→ DATA:
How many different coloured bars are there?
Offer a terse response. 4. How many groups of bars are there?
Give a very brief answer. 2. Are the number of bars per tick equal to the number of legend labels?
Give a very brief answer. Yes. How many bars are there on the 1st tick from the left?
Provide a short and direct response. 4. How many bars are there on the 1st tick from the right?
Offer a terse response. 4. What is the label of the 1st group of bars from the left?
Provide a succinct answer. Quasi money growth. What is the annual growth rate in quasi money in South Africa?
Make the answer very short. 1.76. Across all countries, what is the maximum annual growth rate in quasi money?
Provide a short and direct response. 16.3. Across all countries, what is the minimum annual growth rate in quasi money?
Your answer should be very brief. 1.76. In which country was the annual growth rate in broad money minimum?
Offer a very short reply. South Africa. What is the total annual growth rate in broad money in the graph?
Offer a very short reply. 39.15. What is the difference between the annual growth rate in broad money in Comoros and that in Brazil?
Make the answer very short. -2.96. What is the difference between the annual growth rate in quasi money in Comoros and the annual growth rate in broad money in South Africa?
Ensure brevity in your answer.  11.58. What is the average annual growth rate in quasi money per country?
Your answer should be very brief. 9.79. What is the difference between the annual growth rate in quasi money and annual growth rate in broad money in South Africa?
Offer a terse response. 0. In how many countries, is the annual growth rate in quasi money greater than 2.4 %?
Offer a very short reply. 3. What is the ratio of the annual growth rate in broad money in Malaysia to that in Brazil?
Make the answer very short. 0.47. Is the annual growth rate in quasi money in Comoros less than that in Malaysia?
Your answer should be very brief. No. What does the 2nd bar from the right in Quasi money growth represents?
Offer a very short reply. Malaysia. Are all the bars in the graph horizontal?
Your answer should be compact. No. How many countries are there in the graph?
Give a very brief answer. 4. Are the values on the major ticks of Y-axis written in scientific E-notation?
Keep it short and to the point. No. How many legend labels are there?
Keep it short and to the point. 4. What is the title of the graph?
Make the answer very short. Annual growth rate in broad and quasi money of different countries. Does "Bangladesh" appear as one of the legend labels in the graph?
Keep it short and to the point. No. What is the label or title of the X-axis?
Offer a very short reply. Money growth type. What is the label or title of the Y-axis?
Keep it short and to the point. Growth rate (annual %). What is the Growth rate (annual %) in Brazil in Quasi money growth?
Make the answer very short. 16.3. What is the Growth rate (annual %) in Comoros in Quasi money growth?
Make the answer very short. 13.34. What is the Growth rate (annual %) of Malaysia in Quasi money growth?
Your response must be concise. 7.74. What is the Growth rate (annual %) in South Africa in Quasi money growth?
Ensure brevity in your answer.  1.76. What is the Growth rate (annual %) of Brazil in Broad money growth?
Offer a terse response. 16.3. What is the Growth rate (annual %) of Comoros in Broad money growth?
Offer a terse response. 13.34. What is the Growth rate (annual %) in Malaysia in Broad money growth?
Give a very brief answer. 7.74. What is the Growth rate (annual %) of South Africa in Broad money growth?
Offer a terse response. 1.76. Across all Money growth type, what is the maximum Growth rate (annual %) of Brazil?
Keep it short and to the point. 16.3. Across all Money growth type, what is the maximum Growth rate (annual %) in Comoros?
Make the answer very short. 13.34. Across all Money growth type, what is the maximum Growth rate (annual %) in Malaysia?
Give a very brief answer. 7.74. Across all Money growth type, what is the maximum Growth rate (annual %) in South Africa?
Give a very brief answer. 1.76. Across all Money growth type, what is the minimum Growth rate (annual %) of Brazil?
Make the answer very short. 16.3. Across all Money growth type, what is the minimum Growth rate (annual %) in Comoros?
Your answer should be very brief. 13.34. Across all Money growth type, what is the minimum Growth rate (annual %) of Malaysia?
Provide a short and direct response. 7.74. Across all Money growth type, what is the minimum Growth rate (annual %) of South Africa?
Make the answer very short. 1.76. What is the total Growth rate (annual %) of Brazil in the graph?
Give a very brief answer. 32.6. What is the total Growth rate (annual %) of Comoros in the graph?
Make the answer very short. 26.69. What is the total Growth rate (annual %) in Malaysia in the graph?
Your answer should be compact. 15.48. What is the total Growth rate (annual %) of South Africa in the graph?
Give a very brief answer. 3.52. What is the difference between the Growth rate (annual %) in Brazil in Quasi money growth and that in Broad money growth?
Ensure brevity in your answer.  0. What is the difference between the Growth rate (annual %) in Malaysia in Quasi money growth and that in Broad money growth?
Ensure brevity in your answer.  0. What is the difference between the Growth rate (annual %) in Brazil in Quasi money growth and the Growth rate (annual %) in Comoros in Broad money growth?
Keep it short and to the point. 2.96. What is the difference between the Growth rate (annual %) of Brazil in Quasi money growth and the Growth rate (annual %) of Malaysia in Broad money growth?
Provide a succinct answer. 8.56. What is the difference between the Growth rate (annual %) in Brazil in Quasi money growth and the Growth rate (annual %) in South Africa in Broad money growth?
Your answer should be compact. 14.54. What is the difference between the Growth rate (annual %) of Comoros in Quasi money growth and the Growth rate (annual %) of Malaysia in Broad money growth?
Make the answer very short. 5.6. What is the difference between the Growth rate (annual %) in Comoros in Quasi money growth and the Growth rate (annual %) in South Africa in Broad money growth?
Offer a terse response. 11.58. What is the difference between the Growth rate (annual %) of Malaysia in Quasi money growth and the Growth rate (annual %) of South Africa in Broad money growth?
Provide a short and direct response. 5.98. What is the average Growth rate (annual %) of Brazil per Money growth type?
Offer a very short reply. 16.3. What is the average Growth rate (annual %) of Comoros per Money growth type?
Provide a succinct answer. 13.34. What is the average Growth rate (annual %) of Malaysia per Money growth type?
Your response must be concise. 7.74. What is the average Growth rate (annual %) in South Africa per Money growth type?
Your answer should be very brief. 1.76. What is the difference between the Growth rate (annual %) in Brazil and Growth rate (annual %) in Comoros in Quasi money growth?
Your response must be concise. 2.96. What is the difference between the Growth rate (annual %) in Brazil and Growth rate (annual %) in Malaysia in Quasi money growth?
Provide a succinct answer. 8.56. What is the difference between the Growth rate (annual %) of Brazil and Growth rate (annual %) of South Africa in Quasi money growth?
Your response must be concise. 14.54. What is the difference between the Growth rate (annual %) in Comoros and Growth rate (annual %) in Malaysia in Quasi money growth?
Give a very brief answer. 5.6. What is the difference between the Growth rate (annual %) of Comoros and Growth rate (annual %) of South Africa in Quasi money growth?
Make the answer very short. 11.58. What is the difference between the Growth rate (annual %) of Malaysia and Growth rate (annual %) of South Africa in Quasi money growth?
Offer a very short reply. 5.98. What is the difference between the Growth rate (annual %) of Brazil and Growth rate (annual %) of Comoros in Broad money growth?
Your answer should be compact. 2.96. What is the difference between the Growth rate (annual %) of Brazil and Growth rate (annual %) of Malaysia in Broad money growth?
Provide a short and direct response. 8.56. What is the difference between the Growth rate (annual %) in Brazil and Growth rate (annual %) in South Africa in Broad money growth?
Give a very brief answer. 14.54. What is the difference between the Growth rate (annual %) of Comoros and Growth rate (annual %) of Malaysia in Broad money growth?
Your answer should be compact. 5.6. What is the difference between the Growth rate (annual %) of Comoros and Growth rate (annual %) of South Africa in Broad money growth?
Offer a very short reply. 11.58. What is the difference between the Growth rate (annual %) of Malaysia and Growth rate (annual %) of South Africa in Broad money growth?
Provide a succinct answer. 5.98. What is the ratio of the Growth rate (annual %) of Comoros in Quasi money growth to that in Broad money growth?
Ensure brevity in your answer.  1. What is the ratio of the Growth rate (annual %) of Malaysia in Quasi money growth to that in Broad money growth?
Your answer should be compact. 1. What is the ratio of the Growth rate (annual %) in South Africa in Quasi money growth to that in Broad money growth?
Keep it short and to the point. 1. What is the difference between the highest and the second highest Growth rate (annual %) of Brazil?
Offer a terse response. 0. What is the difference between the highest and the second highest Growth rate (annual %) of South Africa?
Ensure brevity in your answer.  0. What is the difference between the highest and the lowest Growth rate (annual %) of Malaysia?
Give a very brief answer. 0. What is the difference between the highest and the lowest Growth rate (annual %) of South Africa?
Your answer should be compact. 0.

→ WORK TO BE COMPLETED:
Please give an exact copy of the lines above, beginning with the line containing "Give a very brief answer. 32.6." and running through the line containing "in Malaysia in Quasi money growth and", and of no other lines.

→ OUTPUT:
Give a very brief answer. 32.6. What is the total Growth rate (annual %) of Comoros in the graph?
Make the answer very short. 26.69. What is the total Growth rate (annual %) in Malaysia in the graph?
Your answer should be compact. 15.48. What is the total Growth rate (annual %) of South Africa in the graph?
Give a very brief answer. 3.52. What is the difference between the Growth rate (annual %) in Brazil in Quasi money growth and that in Broad money growth?
Ensure brevity in your answer.  0. What is the difference between the Growth rate (annual %) in Malaysia in Quasi money growth and that in Broad money growth?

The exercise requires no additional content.